→ **What to do**:
Restate the listing below line for line and word for word, without the pictures.

* * *

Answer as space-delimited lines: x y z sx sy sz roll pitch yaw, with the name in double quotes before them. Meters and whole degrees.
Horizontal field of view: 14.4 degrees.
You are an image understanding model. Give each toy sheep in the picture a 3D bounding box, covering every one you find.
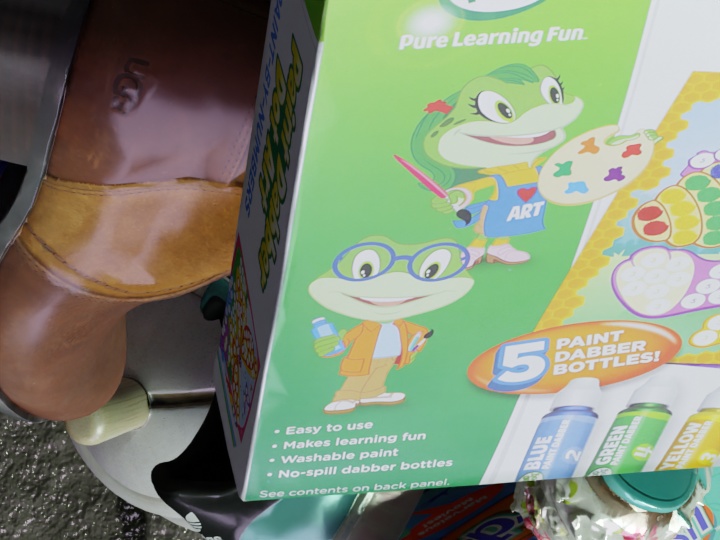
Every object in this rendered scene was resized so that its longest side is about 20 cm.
"toy sheep" -0.039 0.033 1.009 0.137 0.139 0.200 -5 -179 30

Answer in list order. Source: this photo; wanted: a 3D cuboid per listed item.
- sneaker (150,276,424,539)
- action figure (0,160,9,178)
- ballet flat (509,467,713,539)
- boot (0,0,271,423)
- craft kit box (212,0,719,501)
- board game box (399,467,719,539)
"sneaker" 0.000 0.000 0.889 0.080 0.201 0.071 20 -174 -27
"action figure" -0.142 -0.034 0.796 0.099 0.065 0.200 -45 168 12
"ballet flat" 0.084 -0.001 0.878 0.075 0.201 0.064 29 149 -16
"boot" -0.005 -0.005 0.759 0.199 0.069 0.189 12 135 5
"craft kit box" 0.076 -0.029 0.622 0.199 0.049 0.198 -4 138 -12
"board game box" 0.060 0.087 0.967 0.151 0.045 0.200 -28 -170 -8
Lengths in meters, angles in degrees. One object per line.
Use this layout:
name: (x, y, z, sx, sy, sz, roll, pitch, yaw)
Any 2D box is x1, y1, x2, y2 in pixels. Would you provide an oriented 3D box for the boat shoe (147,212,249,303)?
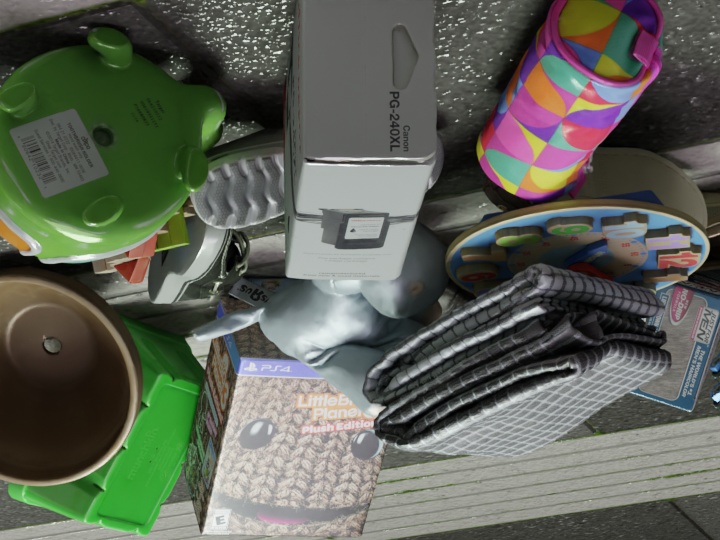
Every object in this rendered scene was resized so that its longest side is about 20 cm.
boat shoe: (-0.125, -0.019, 1.434, 0.064, 0.071, 0.200, 4, 166, -16)

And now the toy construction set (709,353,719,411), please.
toy construction set: (0.369, 0.068, 1.582, 0.131, 0.092, 0.200, -50, 172, 23)

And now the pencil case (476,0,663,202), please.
pencil case: (0.142, -0.117, 1.196, 0.088, 0.088, 0.200, 0, 159, -9)

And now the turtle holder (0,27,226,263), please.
turtle holder: (-0.180, -0.084, 1.184, 0.141, 0.186, 0.132, 37, 146, -11)

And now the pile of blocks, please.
pile of blocks: (-0.163, -0.025, 1.346, 0.082, 0.062, 0.200, -11, 177, -13)

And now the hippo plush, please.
hippo plush: (0.000, 0.000, 1.429, 0.200, 0.159, 0.161, 26, 129, 8)

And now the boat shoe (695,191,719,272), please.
boat shoe: (0.344, -0.032, 1.451, 0.200, 0.065, 0.072, -5, 135, 12)

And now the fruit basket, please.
fruit basket: (-0.252, 0.137, 1.704, 0.216, 0.216, 0.155, -17, 155, 31)

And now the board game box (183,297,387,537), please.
board game box: (-0.061, 0.136, 1.611, 0.159, 0.097, 0.200, 3, 121, -19)

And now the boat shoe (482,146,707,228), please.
boat shoe: (0.186, -0.057, 1.374, 0.200, 0.072, 0.060, 10, 158, -35)

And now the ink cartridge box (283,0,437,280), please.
ink cartridge box: (-0.005, -0.095, 1.139, 0.083, 0.145, 0.200, 1, 159, -5)

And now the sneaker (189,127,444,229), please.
sneaker: (-0.035, -0.085, 1.294, 0.200, 0.082, 0.075, -7, 116, -20)

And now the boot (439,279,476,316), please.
boot: (0.125, 0.068, 1.549, 0.174, 0.069, 0.200, 34, 171, 31)

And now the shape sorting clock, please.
shape sorting clock: (0.164, -0.008, 1.337, 0.200, 0.039, 0.200, -5, 157, -2)

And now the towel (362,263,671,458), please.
towel: (0.125, 0.080, 1.350, 0.200, 0.086, 0.166, -31, 153, 32)

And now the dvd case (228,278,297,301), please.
dvd case: (-0.028, 0.039, 1.661, 0.200, 0.018, 0.143, 0, 159, -11)

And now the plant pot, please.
plant pot: (-0.285, 0.082, 1.569, 0.201, 0.201, 0.093, -8, -160, 11)

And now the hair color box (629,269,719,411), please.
hair color box: (0.278, 0.050, 1.513, 0.060, 0.100, 0.200, 17, -170, 12)

* * *

→ **Output of the task**:
Answer as space-delimited lines: x y z sx sy sz roll pitch yaw, with the name in double quotes before them. Meters and whole degrees.
Horizontal field of view: 14.4 degrees.
You are an image understanding model. Give each toy sheep in the picture a 3D bounding box, covering every one you find.
Every object in this rendered scene was resized so that its longest side is about 20 cm.
"toy sheep" -0.039 0.033 1.009 0.137 0.139 0.200 -5 -179 30

Answer in list order. Source: this photo; wanted: a 3D cuboid per listed item.
- sneaker (150,276,424,539)
- action figure (0,160,9,178)
- ballet flat (509,467,713,539)
- boot (0,0,271,423)
- craft kit box (212,0,719,501)
- board game box (399,467,719,539)
"sneaker" 0.000 0.000 0.889 0.080 0.201 0.071 20 -174 -27
"action figure" -0.142 -0.034 0.796 0.099 0.065 0.200 -45 168 12
"ballet flat" 0.084 -0.001 0.878 0.075 0.201 0.064 29 149 -16
"boot" -0.005 -0.005 0.759 0.199 0.069 0.189 12 135 5
"craft kit box" 0.076 -0.029 0.622 0.199 0.049 0.198 -4 138 -12
"board game box" 0.060 0.087 0.967 0.151 0.045 0.200 -28 -170 -8
Lengths in meters, angles in degrees. One object per line.
Use this layout:
name: (x, y, z, sx, sy, sz, roll, pitch, yaw)
Any 2D box is x1, y1, x2, y2 in pixels. Would you provide an oriented 3D box for the boat shoe (147,212,249,303)?
Every object in this rendered scene was resized so that its longest side is about 20 cm.
boat shoe: (-0.125, -0.019, 1.434, 0.064, 0.071, 0.200, 4, 166, -16)

And now the toy construction set (709,353,719,411), please.
toy construction set: (0.369, 0.068, 1.582, 0.131, 0.092, 0.200, -50, 172, 23)

And now the pencil case (476,0,663,202), please.
pencil case: (0.142, -0.117, 1.196, 0.088, 0.088, 0.200, 0, 159, -9)

And now the turtle holder (0,27,226,263), please.
turtle holder: (-0.180, -0.084, 1.184, 0.141, 0.186, 0.132, 37, 146, -11)

And now the pile of blocks, please.
pile of blocks: (-0.163, -0.025, 1.346, 0.082, 0.062, 0.200, -11, 177, -13)

And now the hippo plush, please.
hippo plush: (0.000, 0.000, 1.429, 0.200, 0.159, 0.161, 26, 129, 8)

And now the boat shoe (695,191,719,272), please.
boat shoe: (0.344, -0.032, 1.451, 0.200, 0.065, 0.072, -5, 135, 12)

And now the fruit basket, please.
fruit basket: (-0.252, 0.137, 1.704, 0.216, 0.216, 0.155, -17, 155, 31)

And now the board game box (183,297,387,537), please.
board game box: (-0.061, 0.136, 1.611, 0.159, 0.097, 0.200, 3, 121, -19)

And now the boat shoe (482,146,707,228), please.
boat shoe: (0.186, -0.057, 1.374, 0.200, 0.072, 0.060, 10, 158, -35)

And now the ink cartridge box (283,0,437,280), please.
ink cartridge box: (-0.005, -0.095, 1.139, 0.083, 0.145, 0.200, 1, 159, -5)

And now the sneaker (189,127,444,229), please.
sneaker: (-0.035, -0.085, 1.294, 0.200, 0.082, 0.075, -7, 116, -20)

And now the boot (439,279,476,316), please.
boot: (0.125, 0.068, 1.549, 0.174, 0.069, 0.200, 34, 171, 31)

And now the shape sorting clock, please.
shape sorting clock: (0.164, -0.008, 1.337, 0.200, 0.039, 0.200, -5, 157, -2)

And now the towel (362,263,671,458), please.
towel: (0.125, 0.080, 1.350, 0.200, 0.086, 0.166, -31, 153, 32)

And now the dvd case (228,278,297,301), please.
dvd case: (-0.028, 0.039, 1.661, 0.200, 0.018, 0.143, 0, 159, -11)

And now the plant pot, please.
plant pot: (-0.285, 0.082, 1.569, 0.201, 0.201, 0.093, -8, -160, 11)

And now the hair color box (629,269,719,411), please.
hair color box: (0.278, 0.050, 1.513, 0.060, 0.100, 0.200, 17, -170, 12)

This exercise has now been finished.